Le 9 juin 2024


- Dessinateur : Emma Grove
- Collection : Outsider
- Genre : Autobiographie, Roman graphique
- Editeur : Delcourt
- Famille : Roman graphique
- Date de sortie : 22 mai 2024
Un récit au long cours sur un état psychologique, ou plutôt un triple état.
Résumé : Née garçon, Emma a traversé un long chemin pour arriver à sa transition de genre. Au milieu, une dissociation lui fait incarner trois personnes différentes. Elle raconte ce moment à travers les thérapies qu’elle a réalisées...
Critique : Avec un tel pavé, Emma Grove promet une immersion complète sur un moment de sa vie, celui de la thérapie nécessaire pour tout transgenre souhaitant changer de sexe aux Etats-Unis. En effet, avant la prise d’hormones ou l’opération, un thérapeute professionnel doit valider la motivation et surtout l’état mental de son patient, et c’est ce processus que va transcrire l’autrice, née garçon mais se sentant fille depuis trop longtemps. À travers ces près de mille pages, dont l’immense majorité réside dans un face à face avec un premier (puis un second, plus compréhensif) thérapeute, le lecteur va passer lui aussi par toutes les émotions : l’injustice de voir ce personnage, qui reste homme pour travailler, car cela est plus commode, plus utile pour se défendre, mais ne sort qu’en fille, s’éclate seulement lorsqu’il revêt sa perruque, mais cela le contraint à petit à petit se dissocier. Et c’est là le cœur du problème, ce que la narratrice parvient d’ailleurs à retranscrire avec une grande authenticité, c’est l’alternance des personnalités, subie ou voulue. En effet, trois personnalités se côtoient au début du récit, et si c’est finalement Emma qui va s’imposer, les deux restants demeurent des traumatismes que la thérapie va finir par expliquer et soigner. C’est donc un processus de soin psychologique qui se lit à travers ce récit, véritable catharsis qui transcrit des pans entiers de dialogues, réels et imaginaires, pour s’approcher au plus possible (et l’autrice reconnaît en avant-propos et en épilogue que tout n’est pas complet) de la vérité de son introspection.

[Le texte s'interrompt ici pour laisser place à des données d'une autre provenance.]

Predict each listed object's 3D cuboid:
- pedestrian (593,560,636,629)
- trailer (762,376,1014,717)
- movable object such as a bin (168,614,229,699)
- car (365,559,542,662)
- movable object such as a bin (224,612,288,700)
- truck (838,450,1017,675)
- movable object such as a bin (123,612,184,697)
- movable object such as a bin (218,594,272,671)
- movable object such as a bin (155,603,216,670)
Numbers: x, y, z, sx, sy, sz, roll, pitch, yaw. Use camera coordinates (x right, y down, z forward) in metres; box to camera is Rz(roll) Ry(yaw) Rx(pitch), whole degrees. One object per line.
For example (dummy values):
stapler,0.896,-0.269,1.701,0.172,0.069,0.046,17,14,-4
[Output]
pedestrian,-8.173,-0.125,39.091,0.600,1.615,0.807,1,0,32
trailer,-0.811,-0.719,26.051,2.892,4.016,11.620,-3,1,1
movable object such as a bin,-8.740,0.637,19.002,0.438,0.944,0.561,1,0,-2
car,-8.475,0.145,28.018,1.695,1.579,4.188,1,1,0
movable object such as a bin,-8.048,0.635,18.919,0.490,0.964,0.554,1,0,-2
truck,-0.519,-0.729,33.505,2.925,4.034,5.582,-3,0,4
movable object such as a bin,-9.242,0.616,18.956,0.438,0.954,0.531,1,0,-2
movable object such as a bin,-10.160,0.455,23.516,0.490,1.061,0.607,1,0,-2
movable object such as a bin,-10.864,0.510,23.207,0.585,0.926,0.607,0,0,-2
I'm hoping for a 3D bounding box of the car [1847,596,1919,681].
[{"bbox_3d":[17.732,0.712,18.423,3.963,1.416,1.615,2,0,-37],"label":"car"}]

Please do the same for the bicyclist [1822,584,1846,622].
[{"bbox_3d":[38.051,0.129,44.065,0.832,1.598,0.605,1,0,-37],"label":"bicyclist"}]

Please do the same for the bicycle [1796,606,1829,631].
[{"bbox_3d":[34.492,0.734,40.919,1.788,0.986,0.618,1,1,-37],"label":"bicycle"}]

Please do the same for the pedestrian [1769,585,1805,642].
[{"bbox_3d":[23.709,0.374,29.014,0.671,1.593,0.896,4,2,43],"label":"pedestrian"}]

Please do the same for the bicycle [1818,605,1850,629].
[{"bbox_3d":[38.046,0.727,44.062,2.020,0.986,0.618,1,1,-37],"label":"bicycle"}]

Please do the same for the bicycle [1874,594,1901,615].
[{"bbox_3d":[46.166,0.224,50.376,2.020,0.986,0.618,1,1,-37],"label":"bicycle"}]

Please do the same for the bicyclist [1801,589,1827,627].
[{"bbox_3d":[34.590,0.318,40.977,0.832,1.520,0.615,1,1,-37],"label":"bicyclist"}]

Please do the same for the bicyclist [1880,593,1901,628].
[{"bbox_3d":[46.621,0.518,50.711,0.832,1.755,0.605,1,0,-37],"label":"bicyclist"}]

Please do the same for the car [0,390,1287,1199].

Pour ce qui est du style graphique, ces mille pages, dessinées à la hâte pour caler sur le papier le plus rapidement possible un flot de pensées et de souvenirs que l’on peut sans peine imaginer incontrôlable, représentent un ensemble assez redondant et simple. De fait, les plans moyens sur les deux personnages centraux, Emma (ou ses alter-egos) et son thérapeute, sont légions, la taille des yeux ou un geste de la main changeant le plus souvent d’un dessin à l’autre. Les énervements sont nombreux de part et d’autre, et l’on aurait aimé avoir plus de scènes de la vie quotidienne – travail, sorties, famille (éléments qui arrivent tardivement dans le roman graphique) – pour varier les plans, décors et situations, car même si le thérapeute s’y prend mal, on comprend son énervement face à la bonne foi supposée ou la répétition de certains dialogues sur la confiance et sur la motivation de sa patiente.
- © Delcourt / Grove
Phénomène dense et original, La troisième personne est probablement la première situation graphique et même littéraire qui décrit un moment de trouble et de soin psychologique expliquant un traumatisme, mais aussi un état, celui d’être transgenre.